2lambda123 / Forecasting-of-Credit-risk-

0 stars 0 forks source link

 Analyzing Credit Risk with Spark Machine Learning

Objective: Minimization of risk and maximization of profit on behalf of the bank

The bank needs a decision rule regarding whether a person will pay back a loan or not, who to give approval of the loan and who not to. An applicant’s profile is considered by loan managers before a decision is taken regarding a loan application. If the applicant is a good credit risk, is likely to repay the loan, then not approving the loan to the person results in a loss of business to the bank. If the applicant is a bad credit risk, is not likely to repay the loan, then approving the loan to the person results in a financial loss to the bank.

Dataset description :

Our data is from The German Credit Data Set, it contains data on 21 attributes and the classification is about whether an applicant is considered creditable or not creditable for 1000 loan applicants. A predictive model developed on this data is expected to provide a bank manager guidance for making a decision.
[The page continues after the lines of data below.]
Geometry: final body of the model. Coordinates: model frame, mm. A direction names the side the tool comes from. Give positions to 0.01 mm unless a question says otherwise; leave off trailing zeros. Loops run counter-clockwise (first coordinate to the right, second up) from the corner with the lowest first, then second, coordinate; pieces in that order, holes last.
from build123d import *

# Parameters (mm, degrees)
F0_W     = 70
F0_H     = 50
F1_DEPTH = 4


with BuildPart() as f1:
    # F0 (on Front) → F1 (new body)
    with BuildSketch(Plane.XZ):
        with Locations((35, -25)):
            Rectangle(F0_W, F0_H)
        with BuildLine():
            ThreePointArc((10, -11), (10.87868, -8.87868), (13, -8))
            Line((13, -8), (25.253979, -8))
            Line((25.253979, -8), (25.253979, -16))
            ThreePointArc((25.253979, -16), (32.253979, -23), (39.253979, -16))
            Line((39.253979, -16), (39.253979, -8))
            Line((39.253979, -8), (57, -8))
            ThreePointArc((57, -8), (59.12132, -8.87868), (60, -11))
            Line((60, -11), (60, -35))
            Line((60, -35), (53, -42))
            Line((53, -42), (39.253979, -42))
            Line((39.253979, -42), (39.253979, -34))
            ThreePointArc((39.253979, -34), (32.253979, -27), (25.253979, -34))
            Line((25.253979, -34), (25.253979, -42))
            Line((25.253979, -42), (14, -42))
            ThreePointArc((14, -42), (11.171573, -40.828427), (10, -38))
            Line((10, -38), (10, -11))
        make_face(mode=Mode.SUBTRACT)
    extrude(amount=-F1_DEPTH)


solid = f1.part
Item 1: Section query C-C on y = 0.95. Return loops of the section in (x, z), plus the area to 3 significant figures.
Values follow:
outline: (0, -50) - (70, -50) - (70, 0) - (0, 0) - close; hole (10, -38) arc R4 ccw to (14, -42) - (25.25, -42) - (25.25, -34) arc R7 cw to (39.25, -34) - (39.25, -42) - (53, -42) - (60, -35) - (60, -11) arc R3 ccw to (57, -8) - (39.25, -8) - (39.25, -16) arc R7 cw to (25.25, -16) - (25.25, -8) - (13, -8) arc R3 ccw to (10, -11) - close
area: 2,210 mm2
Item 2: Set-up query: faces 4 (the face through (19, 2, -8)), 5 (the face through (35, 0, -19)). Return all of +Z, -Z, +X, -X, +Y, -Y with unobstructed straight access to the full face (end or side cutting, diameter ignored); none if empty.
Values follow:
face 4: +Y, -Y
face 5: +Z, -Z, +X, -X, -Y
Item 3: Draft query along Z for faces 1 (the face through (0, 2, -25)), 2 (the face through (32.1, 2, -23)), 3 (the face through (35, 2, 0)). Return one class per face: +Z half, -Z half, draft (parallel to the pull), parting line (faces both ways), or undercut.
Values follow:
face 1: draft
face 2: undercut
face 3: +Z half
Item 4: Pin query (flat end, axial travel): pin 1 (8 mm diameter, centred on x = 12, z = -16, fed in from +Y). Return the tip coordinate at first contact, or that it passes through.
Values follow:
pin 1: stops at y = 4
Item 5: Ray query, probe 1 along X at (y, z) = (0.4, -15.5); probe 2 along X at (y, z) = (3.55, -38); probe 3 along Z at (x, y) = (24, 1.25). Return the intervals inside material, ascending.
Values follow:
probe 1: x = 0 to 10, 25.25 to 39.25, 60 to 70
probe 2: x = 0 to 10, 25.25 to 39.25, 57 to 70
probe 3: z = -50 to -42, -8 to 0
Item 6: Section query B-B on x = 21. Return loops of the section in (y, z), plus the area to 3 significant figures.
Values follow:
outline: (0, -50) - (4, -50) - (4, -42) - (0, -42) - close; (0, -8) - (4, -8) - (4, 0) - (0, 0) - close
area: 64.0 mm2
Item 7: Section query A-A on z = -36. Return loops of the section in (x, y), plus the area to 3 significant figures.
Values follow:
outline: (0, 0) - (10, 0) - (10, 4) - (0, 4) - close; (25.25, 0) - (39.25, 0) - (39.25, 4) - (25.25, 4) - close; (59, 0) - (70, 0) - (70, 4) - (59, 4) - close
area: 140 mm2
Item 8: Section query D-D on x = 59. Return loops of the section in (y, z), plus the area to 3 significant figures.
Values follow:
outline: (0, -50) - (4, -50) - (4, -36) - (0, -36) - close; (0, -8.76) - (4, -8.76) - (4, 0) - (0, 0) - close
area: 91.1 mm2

For each bank loan application we have the following informations: Creditability : label takes the value 1 if the applicant is a good credit risk and 0 if is bad, Balance : Account balance, status of existing checking account Duration : duration of credit in months. History : history of previous credits. Purpose : purpose of credit Credit amount Saving : savings account/bonds Employment : Present employment since InstPercent : installment rate in percentage of disposable income Personal status and sex : single, married, divorced/male, female Guarantors : other debtors / guarantors Residence durationPresent residence since….

We worked with the numerical attributes of the dataset, this is the format of the CSV file :

1,1,18,4,2,1049,1,2,4,2,1,4,2,21,3,1,1,3,1,1,1

1,1,9,4,0,2799,1,3,2,3,1,2,1,36,3,1,2,3,2,1,1

Software :

Why predicting loan credit risk with Apache Spark Machine Learning ? Banks wanted to automate the loan eligibility process based on customer provided in their online application form. As the number of transactions in banking sector is rapidly growing and huge data volumes are available, the customers’ behavior can be easily analyzed and the risks around loan can be reduced. So, it is very important to predict the loan type and loan amount based on the banks’ data using a robust framework as Apache Spark. In this project, we discuss about how Random Forest, Logistic Regression and Naive Bayes Classification models using Python can be used to predict the loans.

Input variables :

All the attributes that contribute to the classification.

Used techniques :

The global goal of this work is the use of cross validation process to optimize the classification and these are the main steps :

-Load data from the CSV file into spark’s dataframe.

-To build a classifier model, we extract the features that most contribute to the classification.

-We train the model using a pipeline, which gives better results, it provides a simple way to try out all the combinations of parameters and tries each one making 10 folds cross validated model for each combination.

-Grid search method returns the best set of predictions from the best model that it tried.

-To train a machine learning Pipeline, we used :
    VectorAssembler : assemble the feature columns into a feature vector with known label .
    VectorIndexer : identify column which should be treated as categorical label.
    Classifiers : Random Forest, Logistic Regression and Naive Bayes.
    CrossValidator : each classifier has several hyperparameters and tuning them to our data to improve accuracy.

it tests a grid of parameters, select the best model and save it to "model/" directory.

Project package:

The package contains main.py, NormalClassification.py, cross_validation.py and testBestModel.py files. NormalClassification.py: in which we implemented 3 functions, each one apply a classifier, train and get the accuracy of a model without using cross validation. cross_validation.py: in which we classify the data using cross validation process for Random Forest, Logistic Regression and Naive Bayes models. testBestModel.py: after we saved the best trained model, we tested it on the test_data. main.py: this is the main function where we call the NormalClassification and testBestModel functions then get the accuracy before and after the cross validation, obviously we can remark that cross validation improved the accuracy. N.B: When you want to retrain a new CrossValidator model, you have to delete the trained models from the /model/ directory. To run the project, open a shell into the project directory, type the following command: python main.py and get the output results bellow.

Output results :

Accuracy of Random Forest Classifier without cross validation: The accuracy = 0.788852 Accuracy of best RFC Model with CrossValidation: The accuracy = 0.994568

Accuracy of Logistic Regression Classifier without cross validation: The accuracy = 0.771847 Accuracy of best LRC Model with CrossValidation: The accuracy = 0.794993

Accuracy of Naive Bayes Model without Cross Validation: The accuracy = 0.388757675957 Accuracy of best NB Model with Cross Validation: The accuracy = 0.388285

The accuracy allows us to understand how these models are behaving for the test dataset and determine the best model. From these results, we conclude that the best model that is very suitable with our dataset is Random Forest, Logistic Regression is slightly better and Naive Bayes is not suitable for our dataset, which might explain the low accuracy that we are getting.